** Opening STORED DATA block **
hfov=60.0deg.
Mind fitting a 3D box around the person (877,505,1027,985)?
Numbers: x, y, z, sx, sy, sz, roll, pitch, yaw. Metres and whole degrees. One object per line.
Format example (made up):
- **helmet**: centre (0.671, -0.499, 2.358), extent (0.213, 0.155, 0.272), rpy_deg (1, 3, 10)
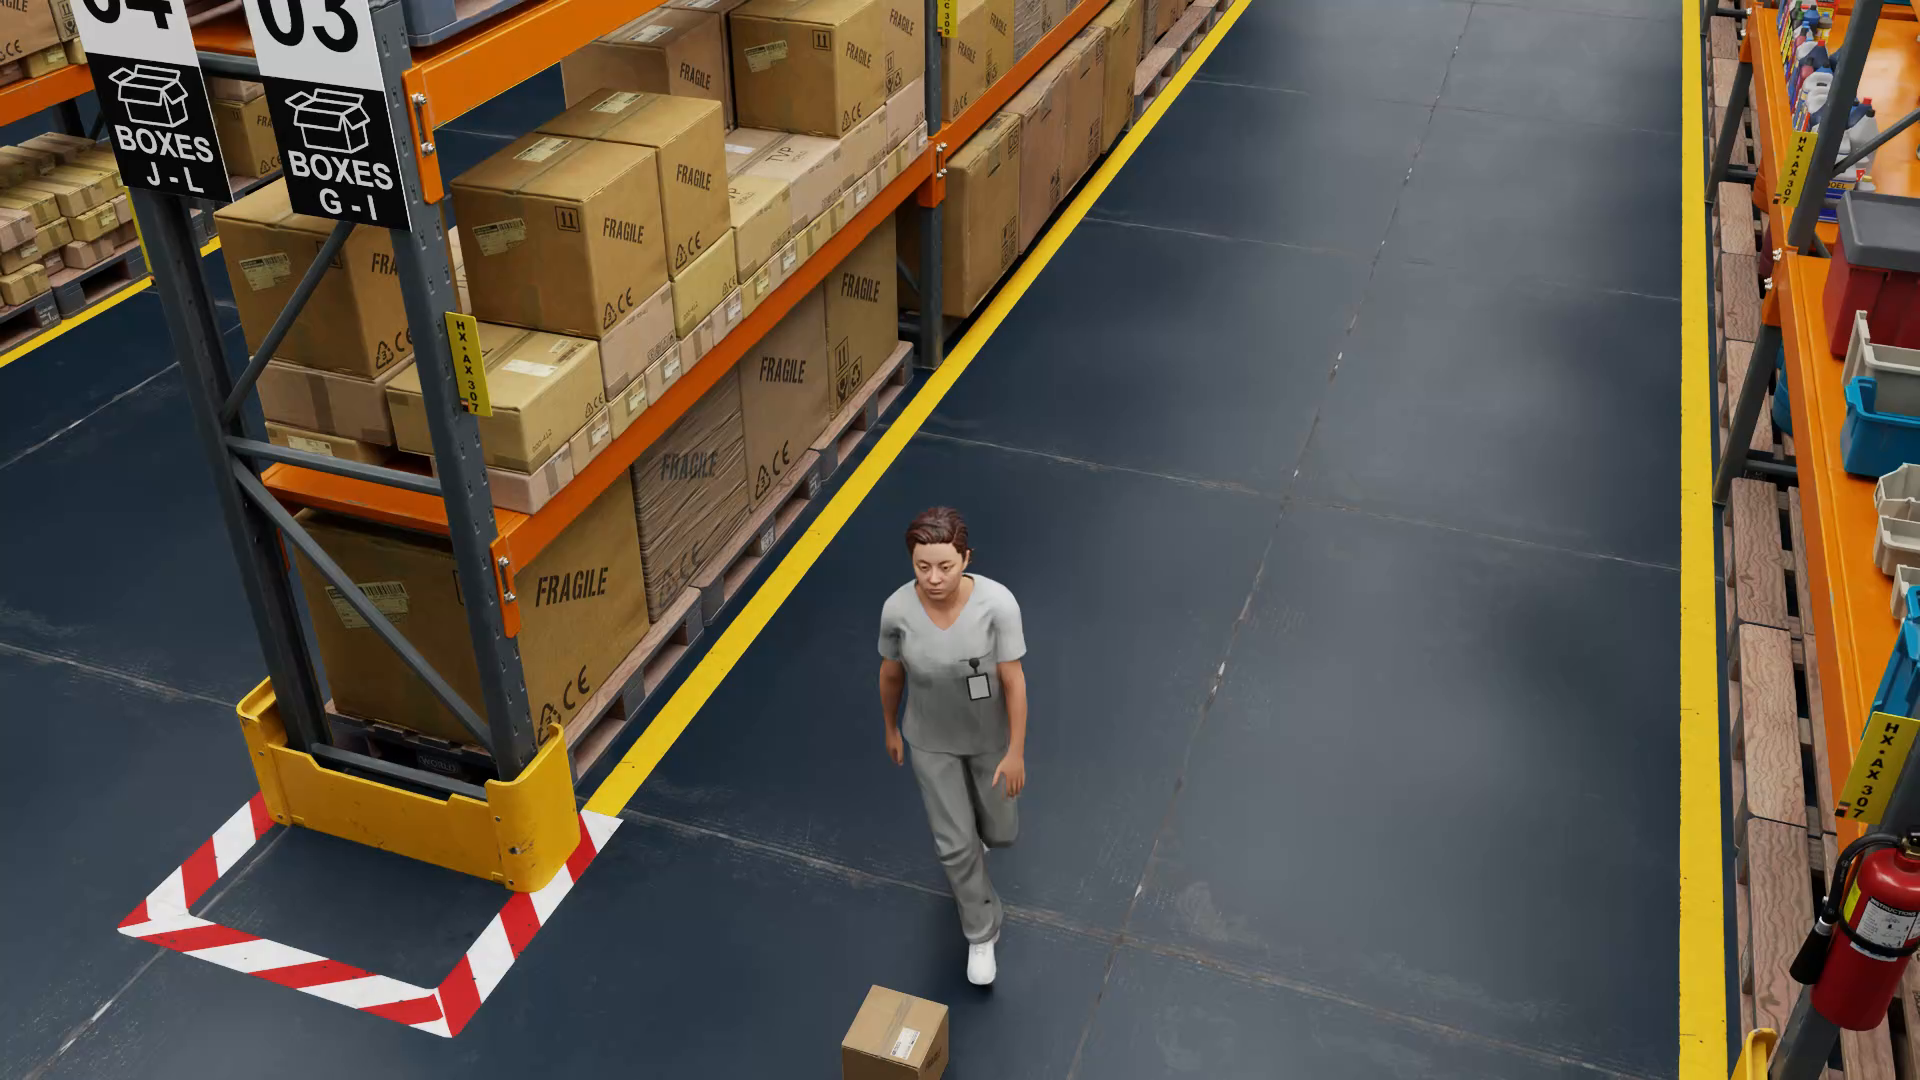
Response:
- **person**: centre (-0.025, 0.580, 5.247), extent (0.455, 1.644, 0.737), rpy_deg (0, 33, 0)
** Closing STORED DATA block **
§ YOUR ASSIGNMENT: Leave out the pictures and print every line of the data exactly.

§ REPLY:
hfov=60.0deg.
Mind fitting a 3D box around the person (877,505,1027,985)?
Numbers: x, y, z, sx, sy, sz, roll, pitch, yaw. Metres and whole degrees. One object per line.
Format example (made up):
- **helmet**: centre (0.671, -0.499, 2.358), extent (0.213, 0.155, 0.272), rpy_deg (1, 3, 10)
Response:
- **person**: centre (-0.025, 0.580, 5.247), extent (0.455, 1.644, 0.737), rpy_deg (0, 33, 0)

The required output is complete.